Однако когда теории империи применяются к истории последних двух столетий, обычно предполагается, что подвластные политические общества представляют собой не религиозные общины, локальные объединения, классы, племена или кланы, а нации или национальности.[25] Действительно, сегодня мы вряд ли назовем империей государственное образование, состоящее из множества религиозных общин, локальных объединений, классов, племен или кланов, даже если такое государственное образование очень велико по своим размерам, проводит репрессивную политику и сложилось в результате территориальных завоеваний.[26] Скорее, сегодня о таком государстве скажут, что оно объединяет множество разных культур. Отмеченное различие в природе политических сообществ, которые принято относить к периферии древних и современных империй, принципиально. Как мы все хорошо знаем, национальность не относится к числу категорий, неотъемлемо присущих человеческому сознанию, но представляет собой явление, создаваемое усилиями государств и национальных движений, которые зачастую определяют себя как раз через противостояние империи. Более того, на массовом уровне представление группы о том, что она составляет нацию, зачастую возникает только в процессе распада империи и является его результатом.[27] Большинство существующих теорий в приложении к современным империям не касается вопроса о том, откуда появляются национальные политические общества. Во многих случаях вполне в примордиалистском духе предполагается, что эти общества существовали если не извечно, то достаточно долгое время до установления имперского господства.
Более внимательный взгляд показывает, что наше современное понимание империи само по себе является продуктом становления национализма. Термин “империя” (imperium) в Древнем Риме первоначально обозначал право устанавливать законы – что во многих отношениях близко нашему современному понятию суверенитета.
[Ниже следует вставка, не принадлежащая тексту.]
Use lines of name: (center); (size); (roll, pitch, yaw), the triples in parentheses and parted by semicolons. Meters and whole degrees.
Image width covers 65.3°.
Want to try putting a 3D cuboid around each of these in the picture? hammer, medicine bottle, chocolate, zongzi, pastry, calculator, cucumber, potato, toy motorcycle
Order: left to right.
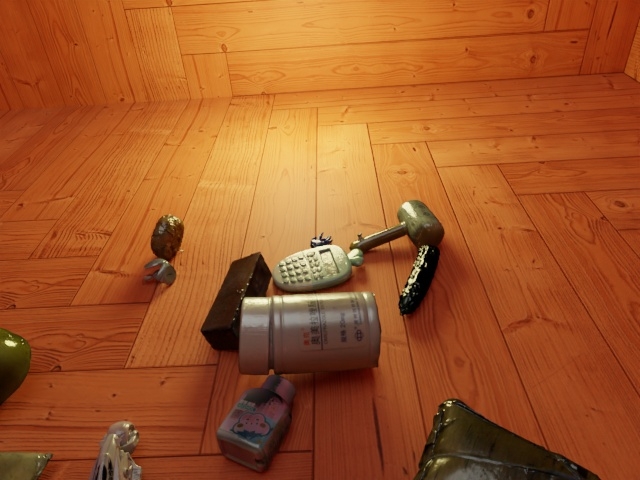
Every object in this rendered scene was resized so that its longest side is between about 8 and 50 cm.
potato: (-0.845, 0.324, 1.175); (0.304, 0.216, 0.215); (-28, 42, -32)
toy motorcycle: (-0.424, 0.475, 1.004); (0.112, 0.113, 0.254); (-7, 37, -3)
pastry: (-0.507, -0.012, 1.654); (0.081, 0.154, 0.153); (16, 40, 13)
chocolate: (-0.232, 0.171, 1.402); (0.111, 0.112, 0.321); (-11, 34, 18)
medicine bottle: (-0.129, 0.392, 1.099); (0.119, 0.095, 0.188); (12, 39, 22)
medicine bottle: (-0.032, 0.225, 1.217); (0.331, 0.190, 0.190); (-2, 36, -6)
calculator: (-0.005, 0.086, 1.556); (0.294, 0.042, 0.184); (-13, 36, -7)
hammer: (0.237, -0.024, 1.645); (0.305, 0.113, 0.202); (-18, 34, -4)
cucumber: (0.290, 0.118, 1.459); (0.072, 0.072, 0.300); (11, 40, 20)
zongzi: (0.294, 0.490, 0.864); (0.322, 0.160, 0.360); (19, 41, 30)

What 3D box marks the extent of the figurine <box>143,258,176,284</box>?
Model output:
figurine: (-0.505, 0.098, 1.575); (0.086, 0.083, 0.094); (-4, 7, 28)

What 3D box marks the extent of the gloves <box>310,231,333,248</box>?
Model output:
gloves: (0.000, 0.000, 1.684); (0.086, 0.026, 0.064); (-29, 40, -29)

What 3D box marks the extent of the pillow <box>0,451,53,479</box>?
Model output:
pillow: (-0.677, 0.545, 0.964); (0.184, 0.075, 0.303); (1, 34, 4)
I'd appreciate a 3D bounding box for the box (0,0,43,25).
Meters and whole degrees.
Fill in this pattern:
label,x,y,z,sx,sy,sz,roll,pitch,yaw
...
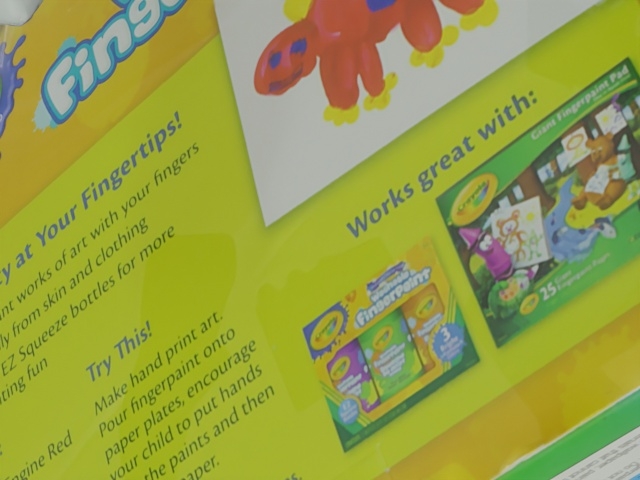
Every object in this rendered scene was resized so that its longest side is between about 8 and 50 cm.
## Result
label,x,y,z,sx,sy,sz,roll,pitch,yaw
box,-0.086,-0.137,0.341,0.137,0.072,0.126,-72,-17,-50

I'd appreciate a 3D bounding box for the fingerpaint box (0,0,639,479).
label,x,y,z,sx,sy,sz,roll,pitch,yaw
fingerpaint box,0.000,0.000,0.692,0.445,0.163,0.371,-38,52,26
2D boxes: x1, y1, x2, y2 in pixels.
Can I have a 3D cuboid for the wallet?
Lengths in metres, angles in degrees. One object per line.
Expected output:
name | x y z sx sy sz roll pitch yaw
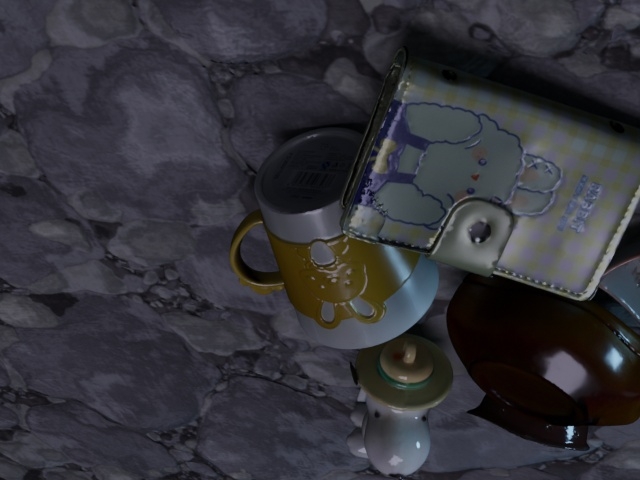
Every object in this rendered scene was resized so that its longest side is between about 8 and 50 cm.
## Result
wallet | 0.191 -0.067 1.508 0.309 0.077 0.223 15 119 -15

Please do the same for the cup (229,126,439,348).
cup | 0.000 0.000 1.645 0.241 0.185 0.226 -10 133 15

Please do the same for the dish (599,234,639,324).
dish | 0.444 0.054 1.675 0.151 0.077 0.212 -20 133 34

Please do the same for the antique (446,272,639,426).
antique | 0.288 0.143 1.752 0.278 0.129 0.223 28 154 11

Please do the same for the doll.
doll | 0.094 0.229 1.979 0.144 0.208 0.271 8 -179 -5

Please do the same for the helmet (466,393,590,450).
helmet | 0.296 0.217 1.913 0.175 0.106 0.155 13 180 30
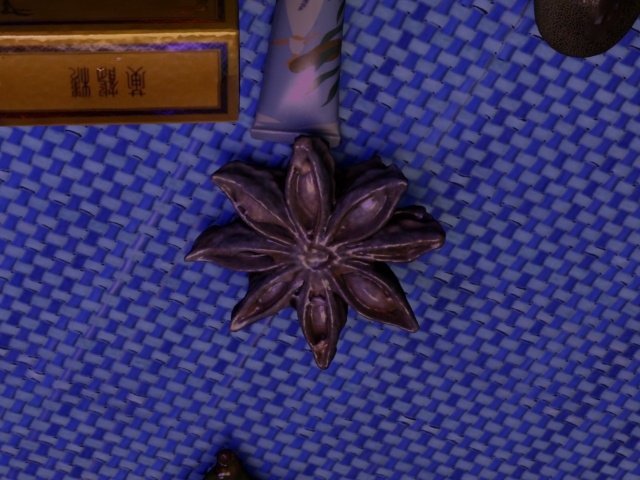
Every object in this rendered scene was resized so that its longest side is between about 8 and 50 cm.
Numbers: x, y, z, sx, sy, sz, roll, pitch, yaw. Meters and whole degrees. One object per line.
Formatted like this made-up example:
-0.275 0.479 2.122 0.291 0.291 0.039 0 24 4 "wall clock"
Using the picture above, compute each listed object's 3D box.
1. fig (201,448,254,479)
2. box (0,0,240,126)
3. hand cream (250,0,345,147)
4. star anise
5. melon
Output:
-0.091 0.347 1.697 0.195 0.195 0.245 2 90 -6 "fig"
-0.162 -0.202 1.211 0.193 0.301 0.084 -2 127 -3 "box"
-0.009 -0.189 1.394 0.088 0.055 0.256 3 131 -7 "hand cream"
0.001 0.000 1.490 0.236 0.109 0.223 22 114 1 "star anise"
0.241 -0.235 1.348 0.099 0.099 0.162 8 125 -10 "melon"
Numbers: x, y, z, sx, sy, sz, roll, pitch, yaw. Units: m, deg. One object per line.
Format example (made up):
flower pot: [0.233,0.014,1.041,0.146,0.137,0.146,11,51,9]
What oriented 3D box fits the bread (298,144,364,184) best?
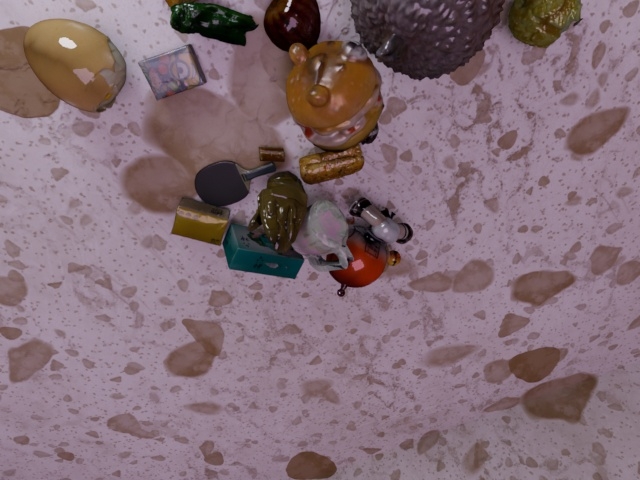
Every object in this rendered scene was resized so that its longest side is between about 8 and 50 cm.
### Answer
bread: [0.036,-0.241,1.324,0.211,0.114,0.083,-16,81,1]

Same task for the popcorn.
popcorn: [0.634,-0.635,1.150,0.212,0.198,0.198,-16,130,-40]

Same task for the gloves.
gloves: [-0.119,-0.104,1.256,0.154,0.331,0.141,24,122,-15]

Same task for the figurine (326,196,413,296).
figurine: [0.147,0.036,1.460,0.320,0.196,0.323,28,114,-17]

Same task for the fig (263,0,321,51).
fig: [-0.066,-0.558,1.091,0.149,0.148,0.202,-32,114,-12]

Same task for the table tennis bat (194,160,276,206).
table tennis bat: [-0.277,-0.198,1.356,0.274,0.021,0.154,-19,124,5]

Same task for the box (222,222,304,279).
box: [-0.193,0.038,1.409,0.245,0.153,0.092,12,120,-31]

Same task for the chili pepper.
chili pepper: [-0.273,-0.563,1.081,0.224,0.061,0.098,0,148,-26]

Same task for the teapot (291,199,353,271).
teapot: [0.003,-0.012,1.363,0.221,0.163,0.178,41,139,-21]

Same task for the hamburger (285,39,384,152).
hamburger: [0.028,-0.403,1.101,0.276,0.276,0.237,-30,154,10]

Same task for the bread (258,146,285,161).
bread: [-0.155,-0.272,1.320,0.083,0.036,0.047,0,123,-6]

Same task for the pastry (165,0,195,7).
pastry: [-0.361,-0.697,0.987,0.154,0.102,0.250,-18,126,16]

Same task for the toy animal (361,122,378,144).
toy animal: [0.142,-0.364,1.284,0.098,0.098,0.137,21,94,-20]

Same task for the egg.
egg: [-0.612,-0.445,1.046,0.244,0.201,0.201,30,113,-15]

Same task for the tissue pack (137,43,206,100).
tissue pack: [-0.406,-0.465,1.148,0.148,0.060,0.109,-18,121,1]

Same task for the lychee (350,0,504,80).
lychee: [0.265,-0.596,0.990,0.380,0.380,0.432,39,84,-27]

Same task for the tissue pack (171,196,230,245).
tissue pack: [-0.396,-0.060,1.381,0.169,0.082,0.120,16,124,-17]
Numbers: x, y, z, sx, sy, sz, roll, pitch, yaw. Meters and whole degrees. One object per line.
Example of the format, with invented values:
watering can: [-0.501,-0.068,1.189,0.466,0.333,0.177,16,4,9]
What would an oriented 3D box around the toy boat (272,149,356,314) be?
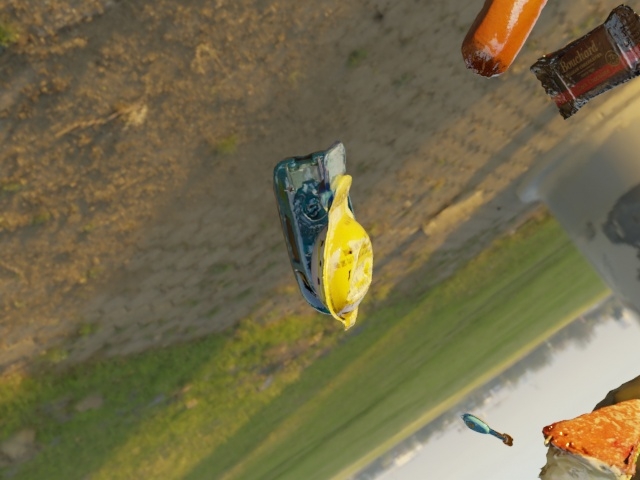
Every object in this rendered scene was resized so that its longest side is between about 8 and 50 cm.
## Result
toy boat: [0.000,0.000,1.481,0.134,0.299,0.092,-13,-163,6]

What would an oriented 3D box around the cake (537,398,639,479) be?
cake: [0.349,0.259,1.098,0.220,0.117,0.086,-26,128,-60]

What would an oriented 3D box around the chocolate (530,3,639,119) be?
chocolate: [0.310,-0.200,0.973,0.028,0.086,0.182,-35,180,-27]

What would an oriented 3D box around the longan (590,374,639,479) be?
longan: [0.635,0.401,1.366,0.404,0.436,0.404,-17,116,-38]

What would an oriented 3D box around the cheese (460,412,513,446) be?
cheese: [0.316,0.359,1.630,0.017,0.111,0.047,-48,149,-31]

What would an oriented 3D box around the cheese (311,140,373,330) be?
cheese: [0.027,-0.005,1.126,0.064,0.250,0.156,2,-160,19]

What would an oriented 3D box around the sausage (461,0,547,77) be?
sausage: [0.363,-0.451,1.542,0.348,0.097,0.094,-60,-179,-10]
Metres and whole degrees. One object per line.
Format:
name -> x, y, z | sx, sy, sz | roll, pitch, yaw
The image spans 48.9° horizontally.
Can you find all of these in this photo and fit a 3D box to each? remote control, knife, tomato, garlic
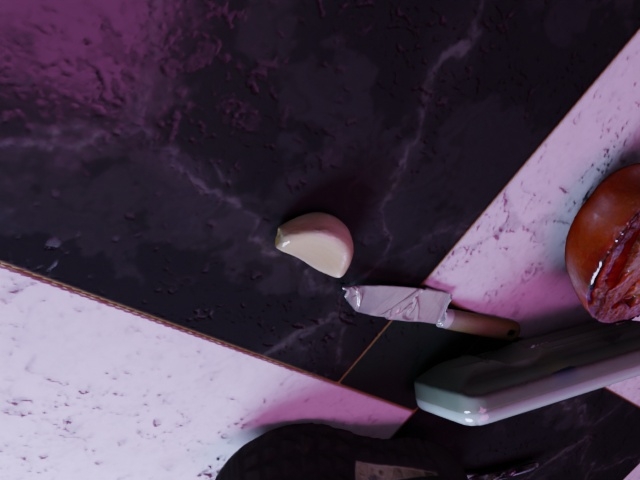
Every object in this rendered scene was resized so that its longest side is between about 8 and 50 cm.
remote control -> 0.280, 0.150, 0.860 | 0.336, 0.128, 0.065 | -10, 95, -24
knife -> 0.132, 0.078, 0.787 | 0.298, 0.017, 0.047 | 13, 114, -36
tomato -> 0.372, -0.009, 0.818 | 0.225, 0.085, 0.224 | -17, 129, -23
garlic -> 0.000, 0.001, 0.645 | 0.083, 0.041, 0.053 | 24, 122, -31

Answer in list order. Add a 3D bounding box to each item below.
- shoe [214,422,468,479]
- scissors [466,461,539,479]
shoe -> 0.011, 0.317, 0.831 | 0.337, 0.132, 0.171 | 12, 129, -31
scissors -> 0.198, 0.357, 1.020 | 0.318, 0.024, 0.160 | -4, 123, -27
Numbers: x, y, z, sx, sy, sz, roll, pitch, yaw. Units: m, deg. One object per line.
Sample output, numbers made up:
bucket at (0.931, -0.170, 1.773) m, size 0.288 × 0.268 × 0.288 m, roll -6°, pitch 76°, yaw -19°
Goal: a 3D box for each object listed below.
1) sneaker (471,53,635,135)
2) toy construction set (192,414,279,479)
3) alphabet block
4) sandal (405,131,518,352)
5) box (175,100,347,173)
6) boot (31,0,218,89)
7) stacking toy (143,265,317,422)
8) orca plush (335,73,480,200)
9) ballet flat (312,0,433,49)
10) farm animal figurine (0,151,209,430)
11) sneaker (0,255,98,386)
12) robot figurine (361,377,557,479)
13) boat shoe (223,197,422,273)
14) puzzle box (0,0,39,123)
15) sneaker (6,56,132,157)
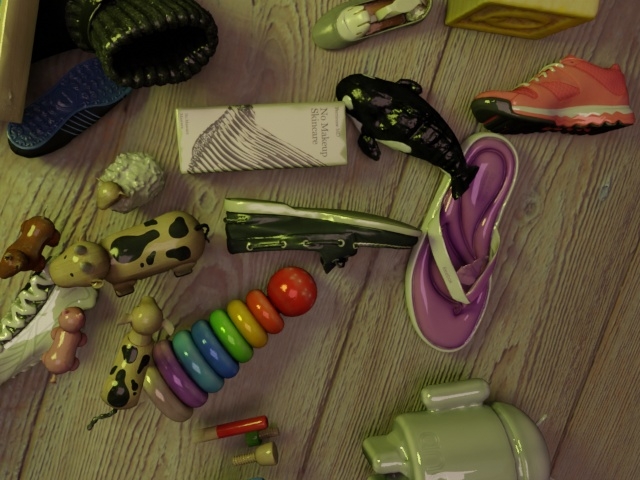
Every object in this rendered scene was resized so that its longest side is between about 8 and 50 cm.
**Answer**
sneaker at (0.410, -0.264, 1.060) m, size 0.314 × 0.116 × 0.136 m, roll -1°, pitch 88°, yaw -15°
toy construction set at (-0.175, 0.481, 1.035) m, size 0.238 × 0.257 × 0.308 m, roll -13°, pitch 80°, yaw 6°
alphabet block at (0.332, -0.455, 0.964) m, size 0.193 × 0.193 × 0.197 m, roll 5°, pitch 98°, yaw -7°
sandal at (0.258, 0.008, 1.067) m, size 0.170 × 0.102 × 0.415 m, roll 9°, pitch 97°, yaw -9°
box at (-0.097, -0.173, 0.992) m, size 0.275 × 0.094 × 0.113 m, roll -5°, pitch 99°, yaw -7°
boot at (-0.347, -0.298, 0.856) m, size 0.348 × 0.131 × 0.260 m, roll -32°, pitch 66°, yaw -3°
stacking toy at (-0.145, 0.163, 1.021) m, size 0.330 × 0.141 × 0.141 m, roll -35°, pitch 102°, yaw -6°
orca plush at (0.145, -0.184, 0.990) m, size 0.151 × 0.102 × 0.287 m, roll -38°, pitch 89°, yaw 1°
ballet flat at (0.089, -0.382, 1.001) m, size 0.213 × 0.068 × 0.072 m, roll -18°, pitch 100°, yaw -5°
farm animal figurine at (-0.301, 0.056, 0.887) m, size 0.327 × 0.172 × 0.330 m, roll -38°, pitch 90°, yaw -23°
sneaker at (-0.488, 0.171, 0.986) m, size 0.118 × 0.110 × 0.292 m, roll 37°, pitch 92°, yaw -21°
robot figurine at (0.259, 0.405, 1.076) m, size 0.354 × 0.200 × 0.299 m, roll -6°, pitch 93°, yaw -8°
boat shoe at (0.000, 0.000, 1.016) m, size 0.340 × 0.127 × 0.112 m, roll 7°, pitch 97°, yaw -7°
puzzle box at (-0.572, -0.331, 0.828) m, size 0.409 × 0.052 × 0.271 m, roll 13°, pitch 96°, yaw 18°
sneaker at (-0.400, -0.216, 0.955) m, size 0.232 × 0.090 × 0.081 m, roll -41°, pitch 101°, yaw -22°
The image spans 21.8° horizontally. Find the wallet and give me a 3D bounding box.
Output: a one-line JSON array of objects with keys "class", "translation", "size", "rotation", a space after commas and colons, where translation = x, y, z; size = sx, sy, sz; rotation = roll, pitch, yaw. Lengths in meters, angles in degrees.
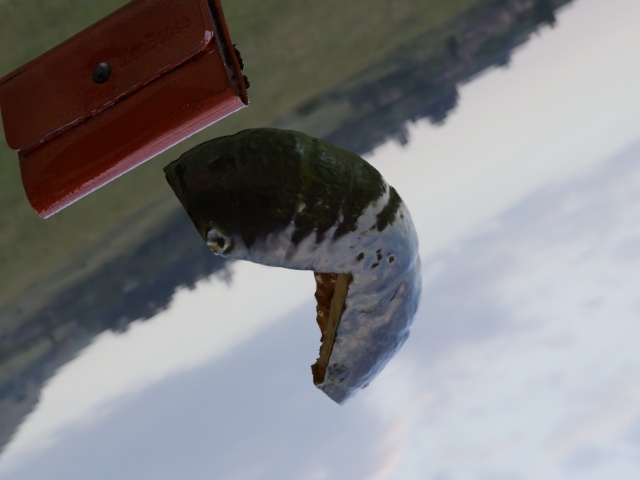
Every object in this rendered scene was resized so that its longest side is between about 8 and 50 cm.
[{"class": "wallet", "translation": [-0.163, -0.122, 1.344], "size": [0.204, 0.142, 0.045], "rotation": [-28, 151, 18]}]

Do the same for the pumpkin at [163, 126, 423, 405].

Понятие империи вошло в европейский политический лексикон как обозначение любой верховной власти на значительной территории[28] – власти, которая до начала Нового времени противопоставлялась другой, более расплывчатой, договорной системе властных отношений. В этом смысле термин imperium, хотя и подразумевал суверенную власть над многими разбросанными политическими обществами, не обязательно предполагал строгое различие между ядром и периферией или же нелегитимность власти. Как раз именно этот аспект суверенной власти, а не ее эксплуататорский характер и не доминирующая роль, и был самой яркой чертой империи в домодерный период. Когда в 1530-х гг. Генрих VIII провозгласил Англию “империей”, его целью было в первую очередь утвердить свой суверенитет в стране против папских притязаний и заявить, что он более не потерпит вмешательства Рима в дела своего королевства.[29] Как было замечено в одном исследовании, посвященном изменениям в употреблении данного понятия:
“Если бы можно было попросить каких-нибудь ученых мужей, интересовавшихся политикой в конце 1830-х или в начале 1840-х гг. [в Англии. – М.Б.], дать определение терминам “империя” и “империализм”, то они вряд ли смогли бы сразу дать ответ. Возможно, нас бы обескуражило высказывание в том смысле, что империя – это просто еще одно название Британских островов или же более вычурное обозначение Англии.”[30]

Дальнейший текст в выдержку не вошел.